Era un día nublado, pero el calor se hacía insoportable, brotaba del suelo, no así la vida que hasta hacía pocos días bañaba esa greda. Muerte y desolación.
Mi zapatos estaban grises de la ceniza que había
cubierto el manto de tierra yerma. Lo más aterrador, más allá incluso del
paisaje tétrico y sombrío del monte quemado, era el silencio. No se oía nada,
todo estaba muerto. Los cadáveres de los animales yacían calcinados allá donde
mirase.
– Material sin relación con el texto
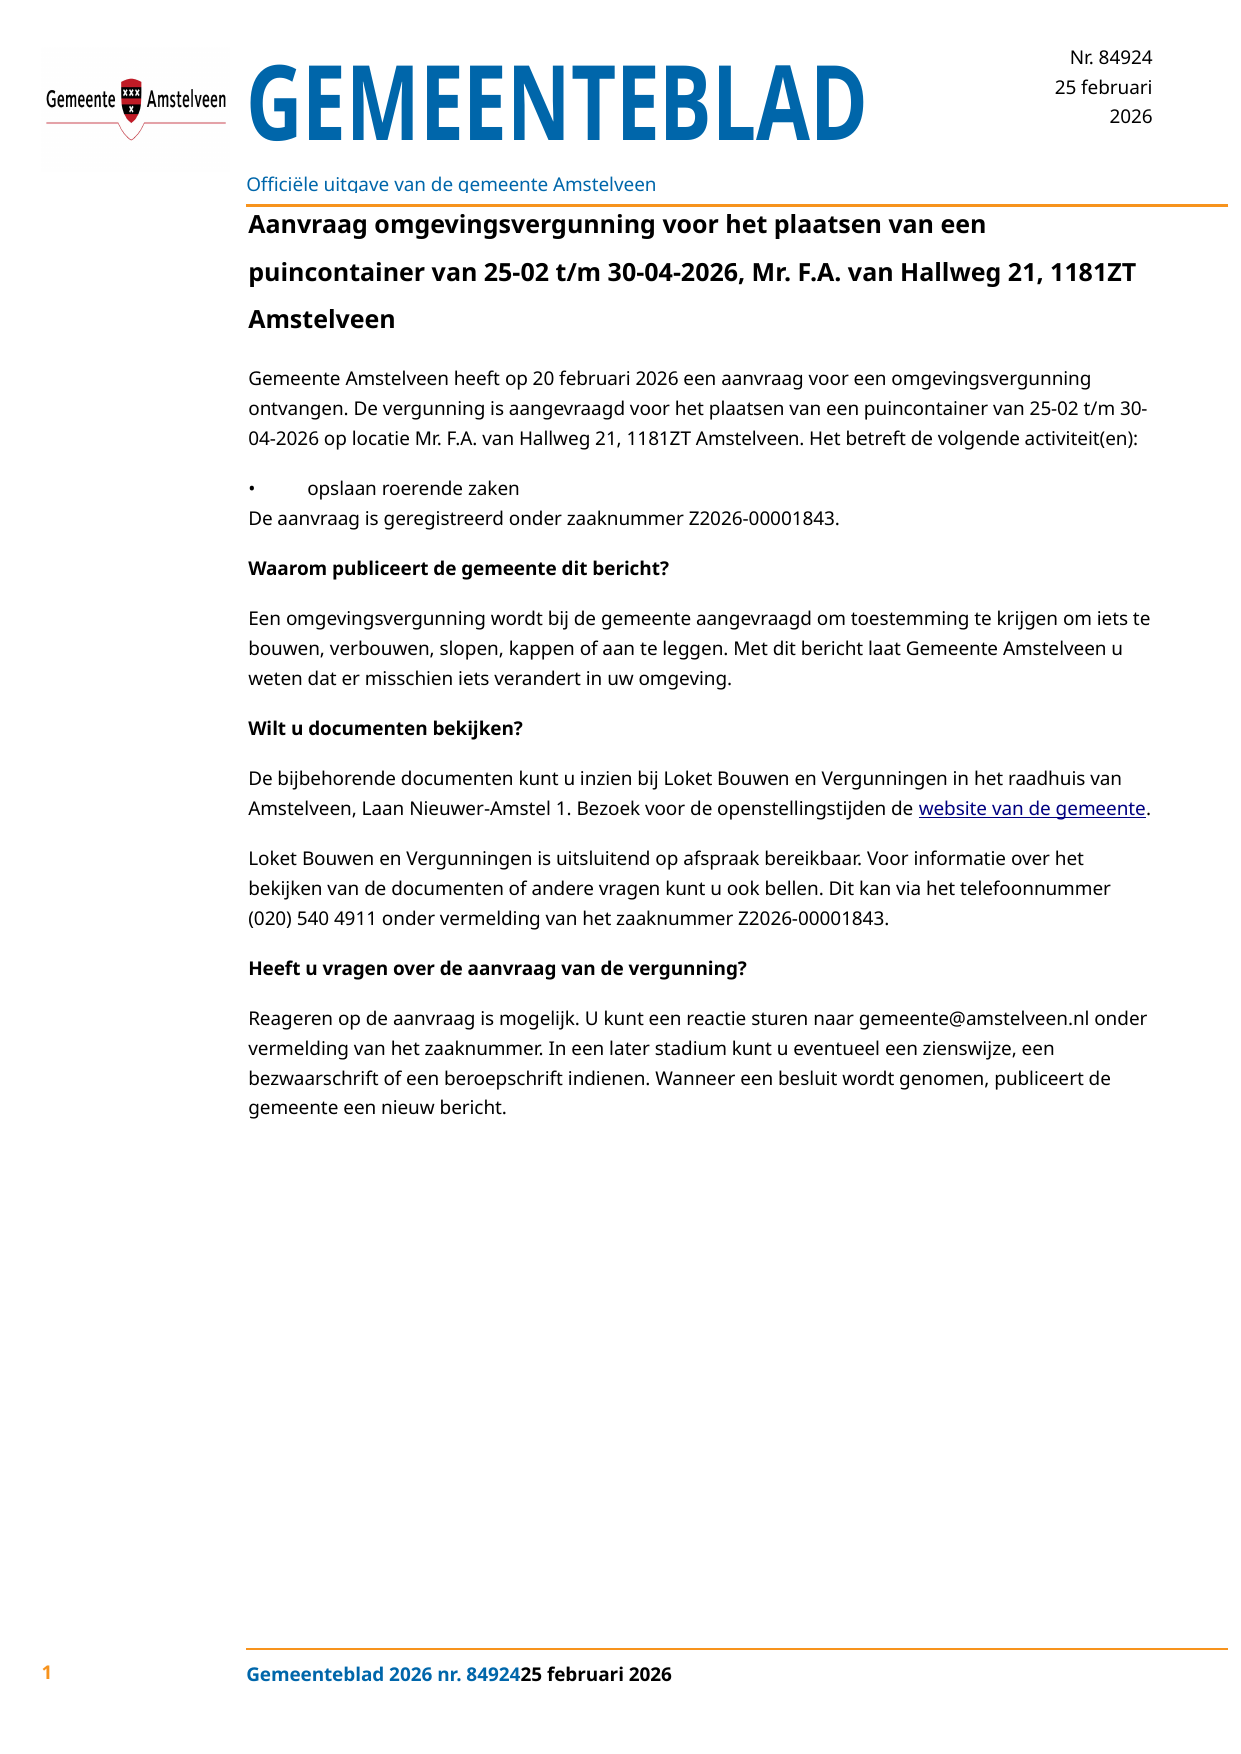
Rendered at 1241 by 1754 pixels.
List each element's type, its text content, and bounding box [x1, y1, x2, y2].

text Wilt u documenten bekijken? [248, 715, 1152, 741]
text De aanvraag is geregistreerd onder zaaknummer Z2026-00001843. [248, 505, 1152, 530]
text Een omgevingsvergunning wordt bij de gemeente aangevraagd om toestemming te krijgen om iets te bouwen, verbouwen, slopen, kappen of aan te leggen. Met dit bericht laat Gemeente Amstelveen u weten dat er misschien iets verandert in uw omgeving. [248, 606, 1152, 690]
text De bijbehorende documenten kunt u inzien bij Loket Bouwen en Vergunningen in het raadhuis van Amstelveen, Laan Nieuwer-Amstel 1. Bezoek voor de openstellingstijden de website van de gemeente. [248, 766, 1152, 821]
list opslaan roerende zaken [248, 475, 1152, 501]
text Reageren op de aanvraag is mogelijk. U kunt een reactie sturen naar gemeente@amstelveen.nl onder vermelding van het zaaknummer. In een later stadium kunt u eventueel een zienswijze, een bezwaarschrift of een beroepschrift indienen. Wanneer een besluit wordt genomen, publiceert de gemeente een nieuw bericht. [248, 1006, 1152, 1120]
text Loket Bouwen en Vergunningen is uitsluitend op afspraak bereikbaar. Voor informatie over het bekijken van de documenten of andere vragen kunt u ook bellen. Dit kan via het telefoonnummer (020) 540 4911 onder vermelding van het zaaknummer Z2026-00001843. [248, 846, 1152, 930]
picture [41, 47, 231, 172]
text Aanvraag omgevingsvergunning voor het plaatsen van een puincontainer van 25-02 t/m 30-04-2026, Mr. F.A. van Hallweg 21, 1181ZT Amstelveen [248, 207, 1152, 336]
text Heeft u vragen over de aanvraag van de vergunning? [248, 955, 1152, 981]
text Gemeente Amstelveen heeft op 20 februari 2026 een aanvraag voor een omgevingsvergunning ontvangen. De vergunning is aangevraagd voor het plaatsen van een puincontainer van 25-02 t/m 30-04-2026 op locatie Mr. F.A. van Hallweg 21, 1181ZT Amstelveen. Het betreft de volgende activiteit(en): [248, 366, 1152, 450]
text Waarom publiceert de gemeente dit bericht? [248, 555, 1152, 581]

Sus rostros reflejaban angustia y sufrimiento. Pedían socorro ante la
incomprensión que les producía el fuego que les estaba robando sus hogares y
del que no podían huir. Madres y crías juntas, esqueletos con huesos
entremezclados. La piel reseca y arrugada, teñida de negro. La carne abrasada,
carbonizada. Muerte y desolación.
Los árboles, carbón; y aquellos cuyas copas altas
por extraña suerte habían logrado conservar cierto verdor, alguna pobre
hoja, estaban destrozados, ahuecados, a punto de desmoronarse con el primer
viento racheado del otoño. Ni el más mínimo resto de plantas pequeñas, de flores o de hierba. Rocas resquebrajadas
por el violento fuego esparcidas entre chaparros incinerados. Muerte y
desolación.
Algunas cortezas todavía humeaban, rozarlas con las
yemas de los dedos era quemarse. No les quedaba ni un soplo de vida. Alguien había hecho
todo eso. Inexplicablemente. Incomprensiblemente. Ni el más oscuro recodo de mi
mente puede siquiera imaginar semejante exterminio, semejante odio para
destruirlo todo, pero esto solo cabe en mentes podridas, desalmadas, indignas
de vivir, incapaces de estimar la vida más allá de su putrefacta existencia. Muerte
y desolación.
Muerte y desolación.
Fotografía: Rubén Cabecera Soriano
Mérida
a 1 de septiembre de 2012.
Rubén Cabecera Soriano.
Rubén Cabecera Soriano.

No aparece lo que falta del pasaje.